Futuro lançamento do Google promete revolucionar a forma como as pessoas se comunicam na internet.

Google Crowd Logo

Mountain View, Califórnia. Richard não é o que se pode chamar de pessoa comunicativa. Por detrás dos grossos óculos de grau que completam seu visual “geek”, seus olhos evitam o contato direto com os meus. A voz, cujo tom baixo e por vezes vacilante me impede de gravar a conversa de forma satisfatória, repete seguidamente o mesmo discurso obviamente ensaiado antes da entrevista.

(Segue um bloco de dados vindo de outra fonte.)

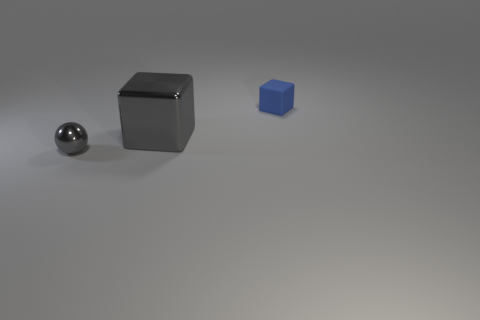Is there anything else that has the same material as the blue object?
Your answer should be very brief. No. What number of other objects are there of the same shape as the tiny metal object?
Keep it short and to the point. 0. How many blue objects are tiny blocks or big objects?
Offer a terse response. 1. What is the color of the tiny thing that is made of the same material as the big gray object?
Your answer should be compact. Gray. Is the tiny object that is in front of the blue thing made of the same material as the tiny thing behind the small ball?
Ensure brevity in your answer.  No. What size is the other thing that is the same color as the large thing?
Provide a succinct answer. Small. What is the gray thing that is to the right of the gray metal sphere made of?
Provide a succinct answer. Metal. There is a tiny thing right of the big gray block; is its shape the same as the gray thing behind the small metal ball?
Your response must be concise. Yes. Are there any large purple matte objects?
Ensure brevity in your answer.  No. There is another big object that is the same shape as the blue object; what material is it?
Offer a very short reply. Metal. 
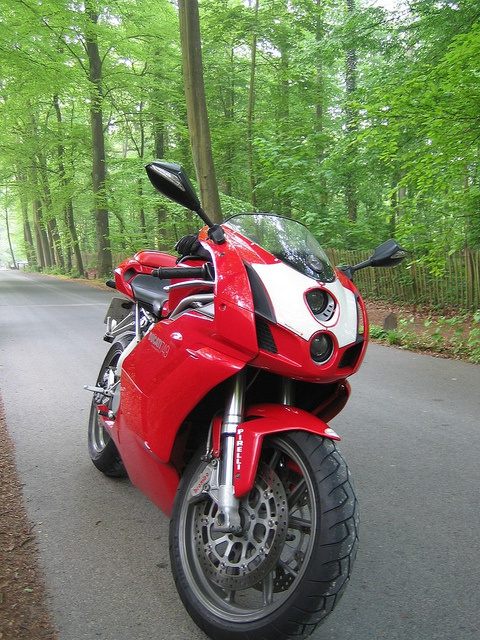Describe the objects in this image and their specific colors. I can see a motorcycle in green, black, gray, brown, and white tones in this image. 
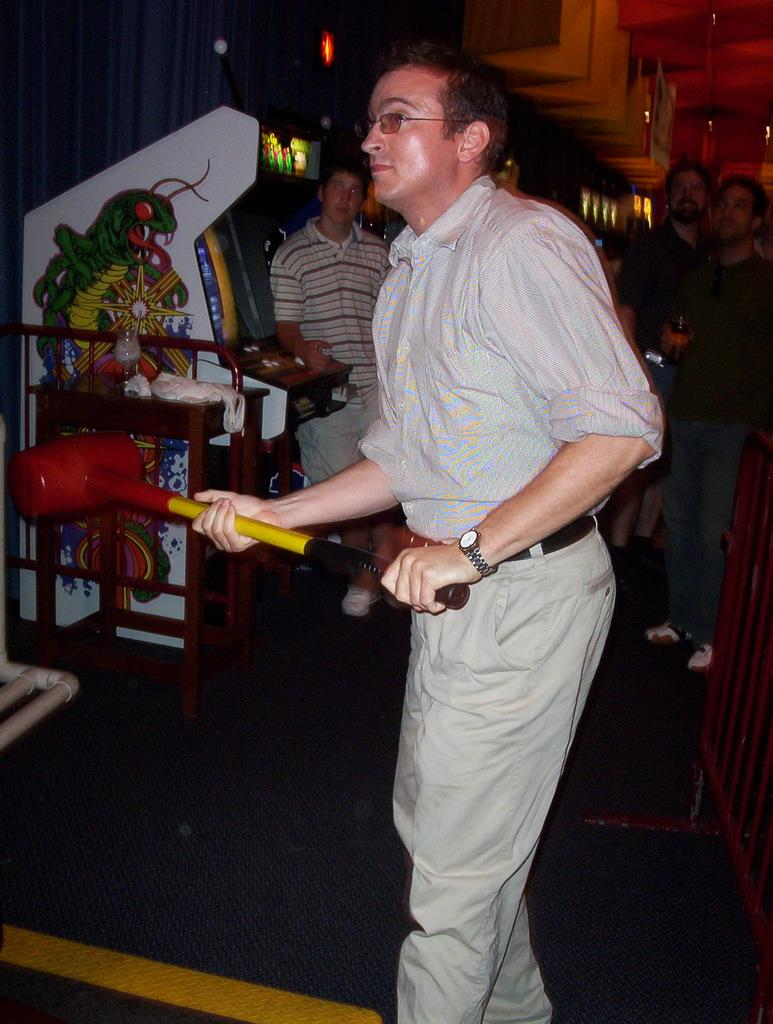How many individuals are present in the image? There are four people in the image. What is the position of the people in the image? The people are standing on the floor. What type of jellyfish can be seen in the image? There are no jellyfish present in the image; it features four people standing on the floor. What color is the sweater worn by the person in the image? There is no information about clothing or colors in the image, as it only mentions the presence of four people standing on the floor. 
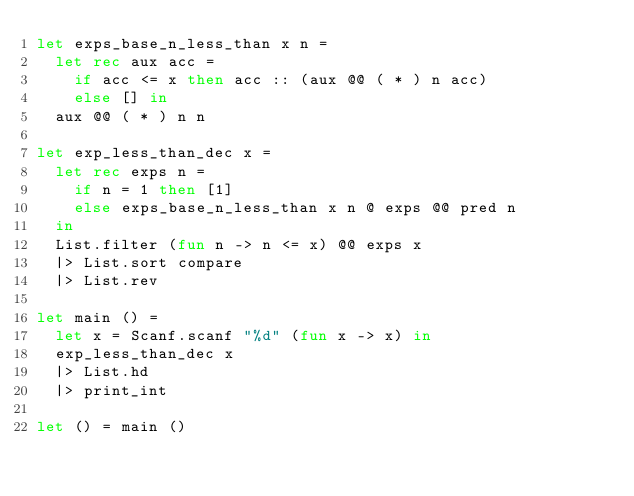Convert code to text. <code><loc_0><loc_0><loc_500><loc_500><_OCaml_>let exps_base_n_less_than x n =
  let rec aux acc =
    if acc <= x then acc :: (aux @@ ( * ) n acc)
    else [] in
  aux @@ ( * ) n n

let exp_less_than_dec x =
  let rec exps n =
    if n = 1 then [1]
    else exps_base_n_less_than x n @ exps @@ pred n
  in
  List.filter (fun n -> n <= x) @@ exps x
  |> List.sort compare
  |> List.rev

let main () =
  let x = Scanf.scanf "%d" (fun x -> x) in
  exp_less_than_dec x
  |> List.hd
  |> print_int

let () = main ()
</code> 
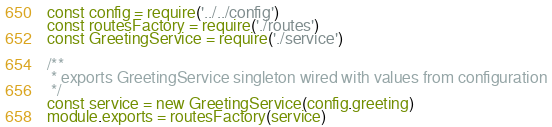Convert code to text. <code><loc_0><loc_0><loc_500><loc_500><_JavaScript_>const config = require('../../config')
const routesFactory = require('./routes')
const GreetingService = require('./service')

/**
 * exports GreetingService singleton wired with values from configuration
 */
const service = new GreetingService(config.greeting)
module.exports = routesFactory(service)
</code> 
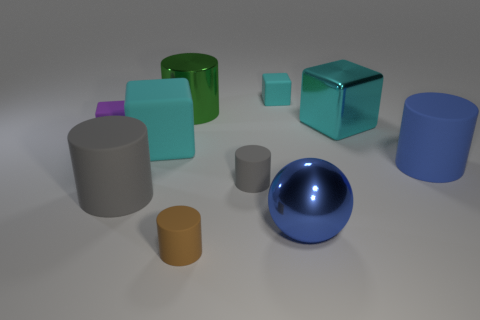There is a object that is both behind the small brown thing and in front of the large gray matte thing; what is its shape?
Ensure brevity in your answer.  Sphere. What number of other things are there of the same color as the large matte cube?
Offer a terse response. 2. How many things are either rubber cubes to the right of the brown matte cylinder or tiny red matte cubes?
Offer a terse response. 1. Does the large shiny ball have the same color as the tiny matte object in front of the large blue ball?
Keep it short and to the point. No. Is there any other thing that is the same size as the purple block?
Offer a terse response. Yes. There is a cyan matte block that is on the right side of the gray cylinder to the right of the green object; how big is it?
Provide a succinct answer. Small. What number of things are shiny cylinders or cyan matte cubes to the left of the large blue metal thing?
Offer a very short reply. 3. There is a shiny thing that is in front of the big blue cylinder; is it the same shape as the blue matte thing?
Keep it short and to the point. No. There is a large metallic block that is behind the cyan cube on the left side of the small cyan rubber thing; what number of rubber cubes are on the left side of it?
Ensure brevity in your answer.  3. Is there any other thing that is the same shape as the purple object?
Provide a short and direct response. Yes. 
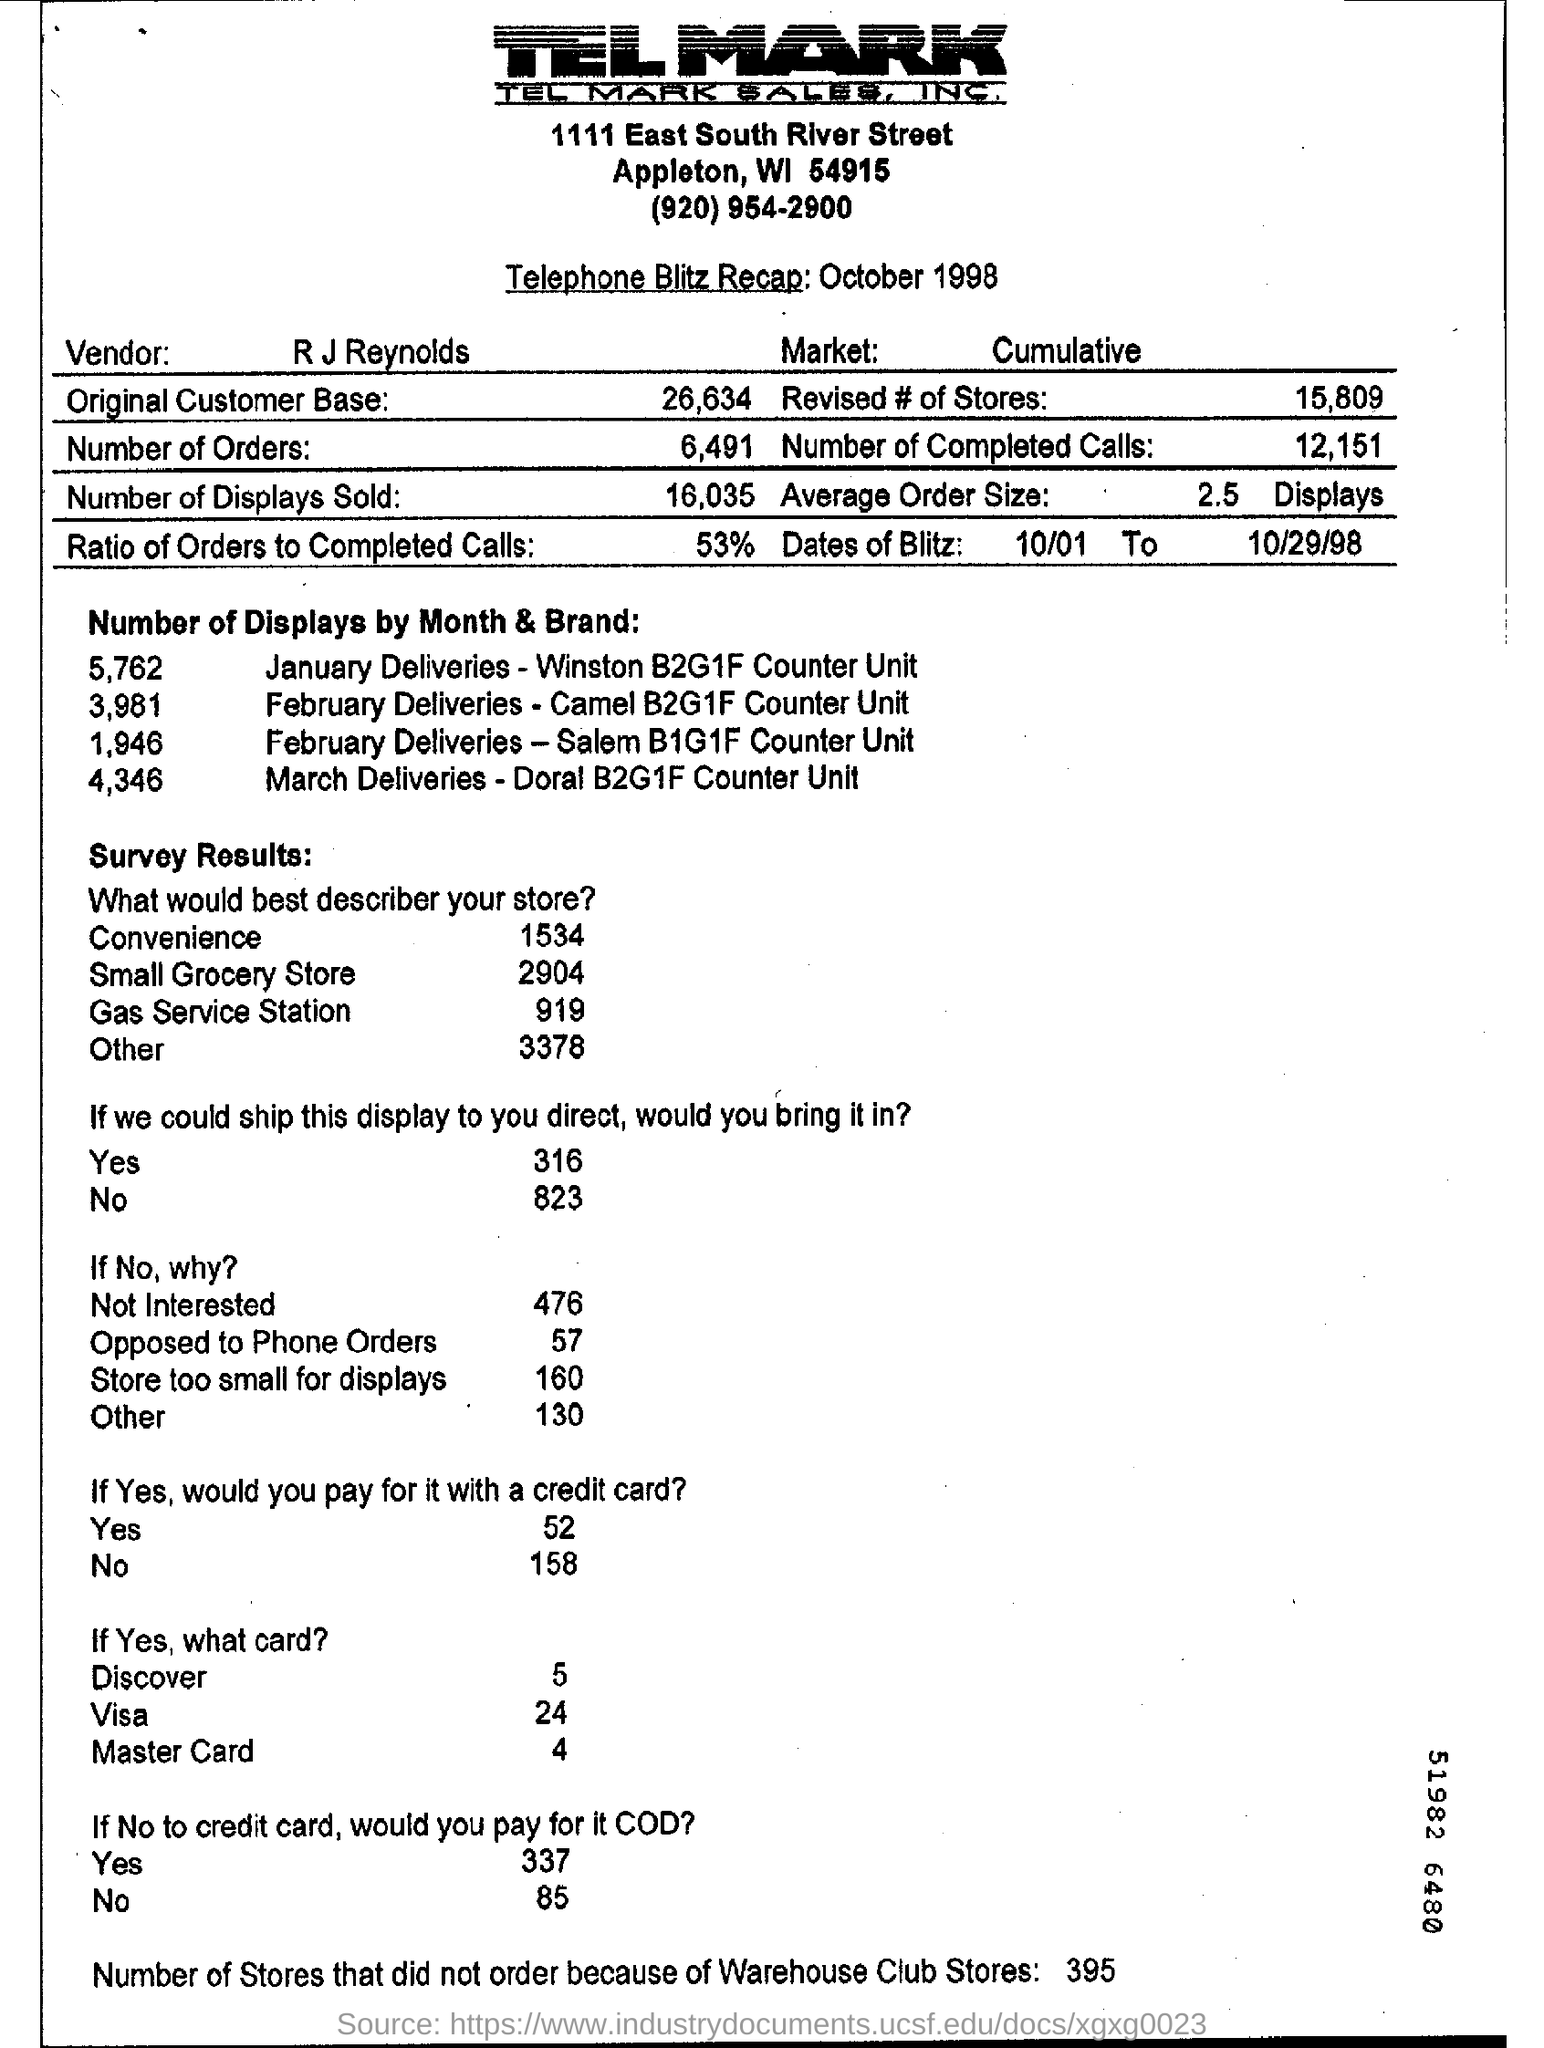How many number of displays sold?
Offer a terse response. 16,035.

Nós estamos muito satisfeitos por estar ajudando milhões de pessoas que não tem voz no mundo a se sentirem importantes e realizadas. O Google Crowd© é o resultado de anos de trabalho apaixonado dos melhores profissionais da empresa, e estamos seguros de que o Google Crowd© será um grande passo para o meio de comunicação mundial que é a internet.

Richard Martin, um nova-iorquino de 32 anos de idade, é idealizador, gerente de projeto e principal contribuidor no desenvolvimento do Google Crowd©. Como tantos outros projetos saídos diretamente da sede da Google no Vale do Silício, este também originou-se da política inovadora de permitir que os funcionários da empresa destinem uma fatia de seu tempo produtivo para projetos pessoais. Desde o Google Earth até redes sociais como o Orkut, muitos serviços altamente lucrativos oferecidos pela gigante da internet já foram meras idéias esperando uma chance de conhecer a realidade nas mentes de seus extremamente bem pagos programadores.

O que diferencia o Google Crowd© de outros projetos “apadrinhados” pela empresa é a forma de produção. Ao invés de lançar versões de teste para coletar a opinião de futuros usuários antes da apresentação final, desta vez o próprio software vai aprender tudo o que precisa para agradar seus usuários.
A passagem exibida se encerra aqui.